> **REQUIREMENT**: Omit every picture and output the rest of the records exactly as they are.

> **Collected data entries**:
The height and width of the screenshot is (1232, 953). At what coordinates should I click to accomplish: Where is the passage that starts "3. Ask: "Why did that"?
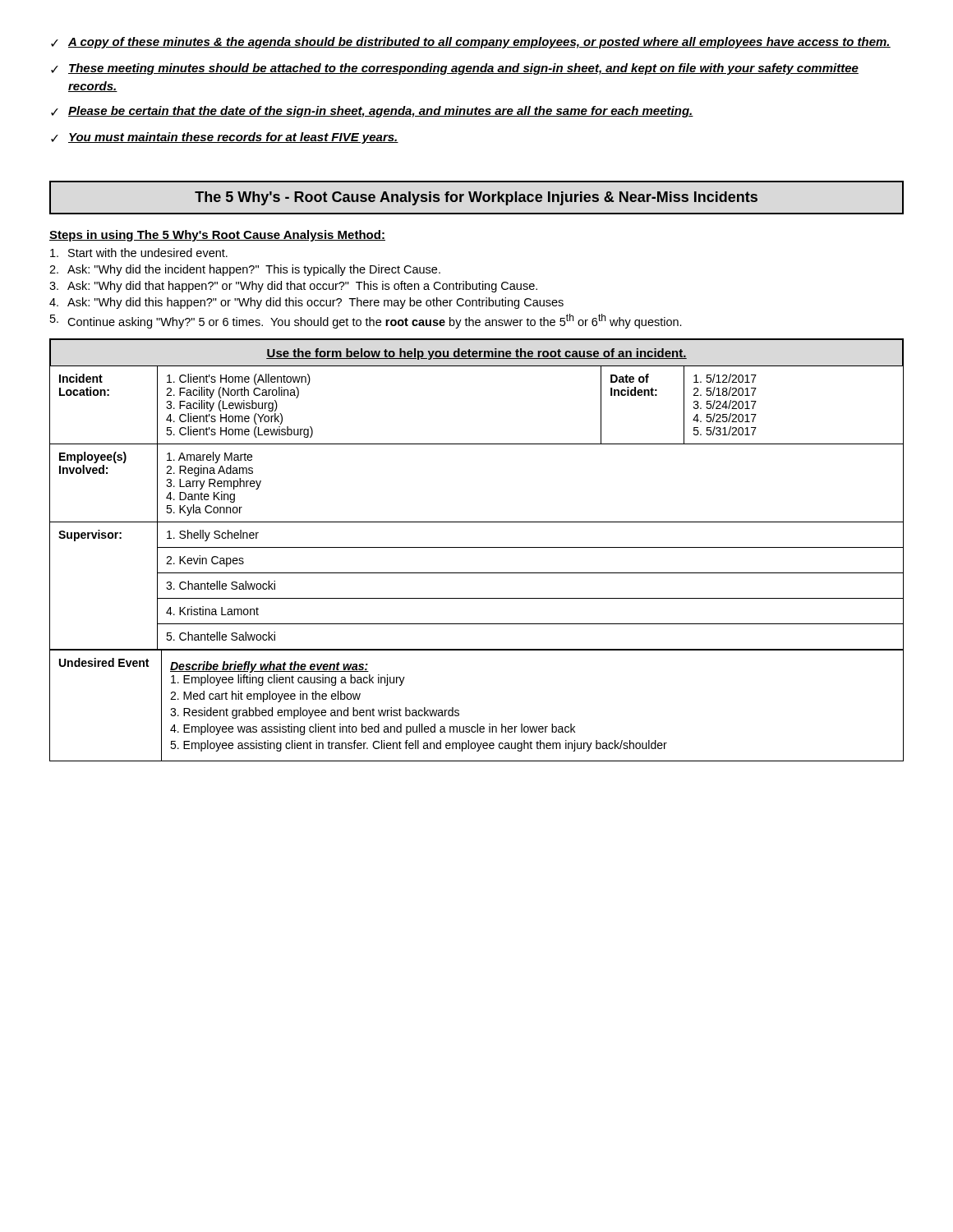point(476,286)
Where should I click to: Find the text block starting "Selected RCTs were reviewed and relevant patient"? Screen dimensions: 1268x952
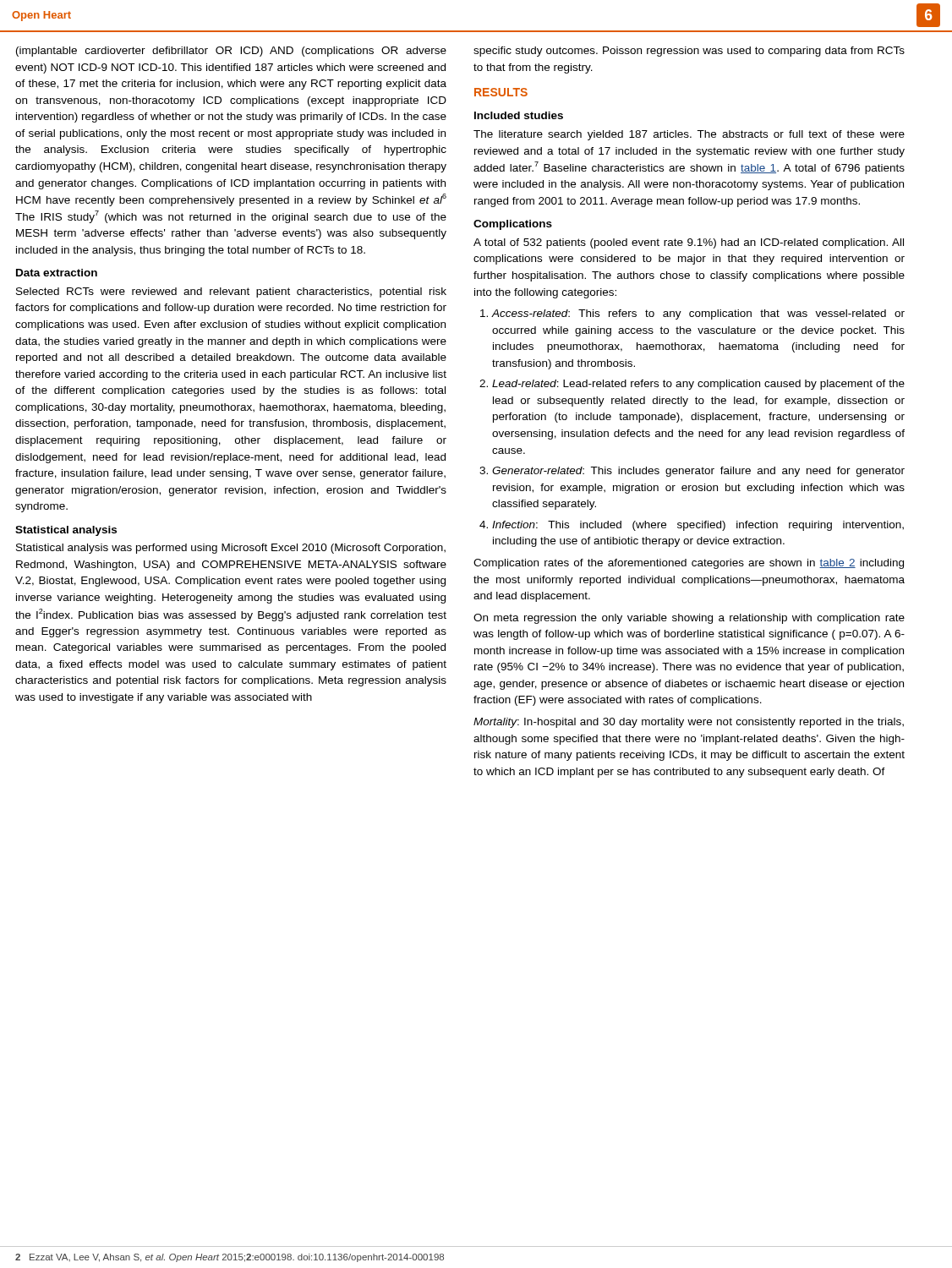point(231,399)
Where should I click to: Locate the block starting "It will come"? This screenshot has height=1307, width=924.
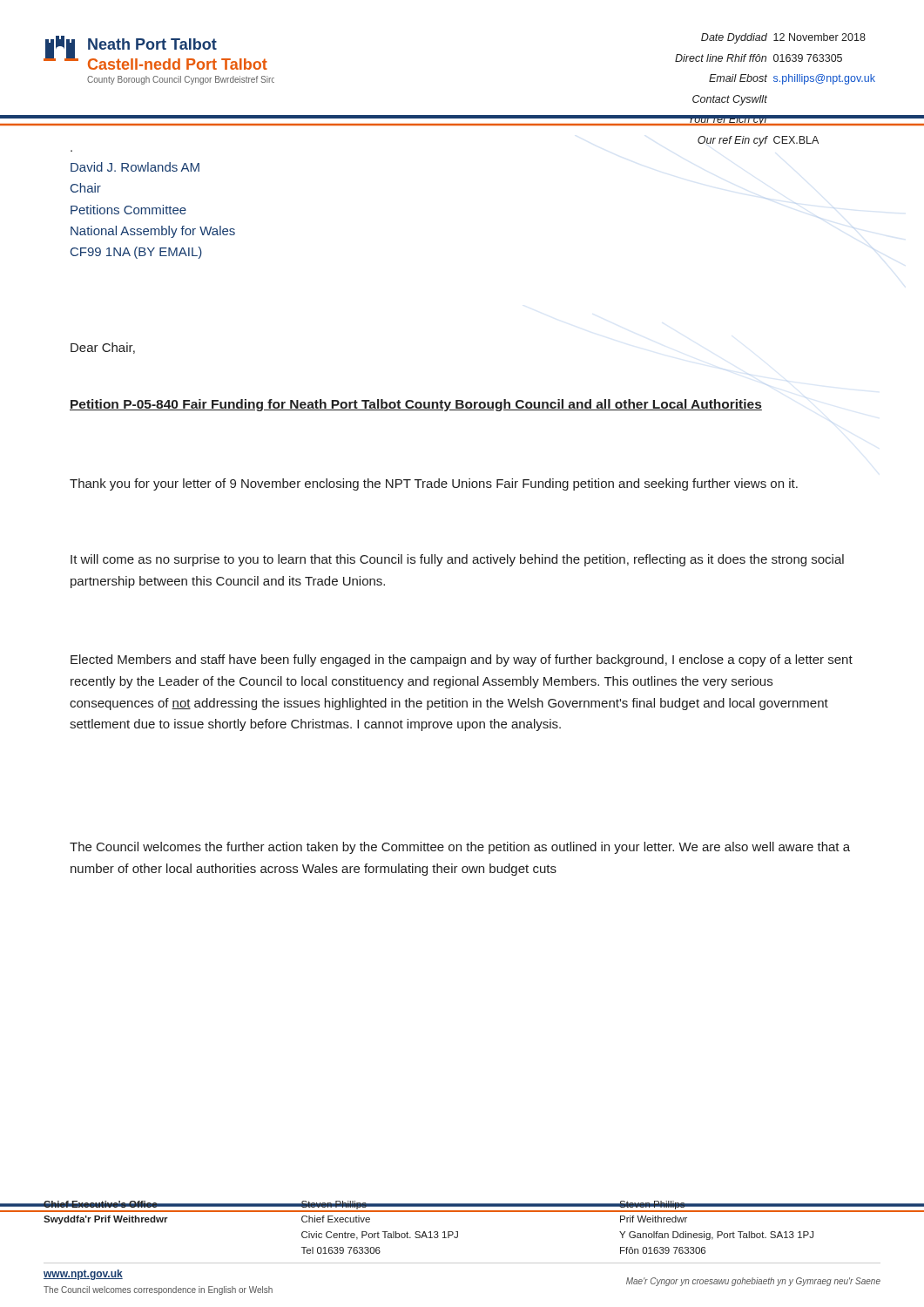(x=457, y=570)
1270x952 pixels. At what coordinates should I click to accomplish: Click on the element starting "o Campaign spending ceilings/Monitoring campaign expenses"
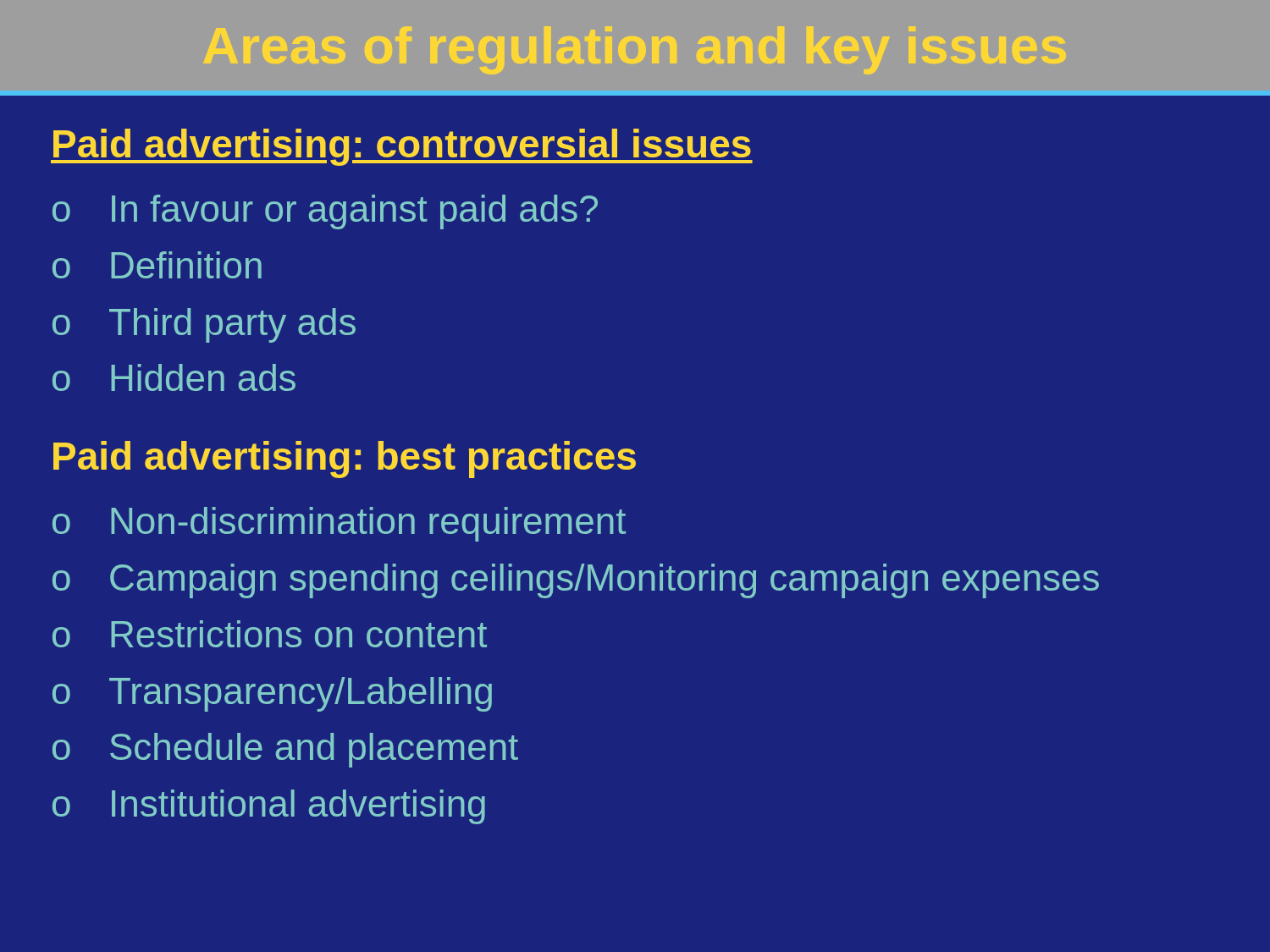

> **EXERCISE RESPONSE**:
The height and width of the screenshot is (1232, 953). At what coordinates should I click to accomplish: Where is the passage that starts "3. Ask: "Why did that"?
point(476,286)
Where should I click to: Find the text block starting "Selected RCTs were reviewed and relevant patient"? Screen dimensions: 1268x952
point(231,399)
Where should I click to: Locate the block starting "It will come"? This screenshot has height=1307, width=924.
(x=457, y=570)
1270x952 pixels. At what coordinates should I click to accomplish: Click on the element starting "o Campaign spending ceilings/Monitoring campaign expenses"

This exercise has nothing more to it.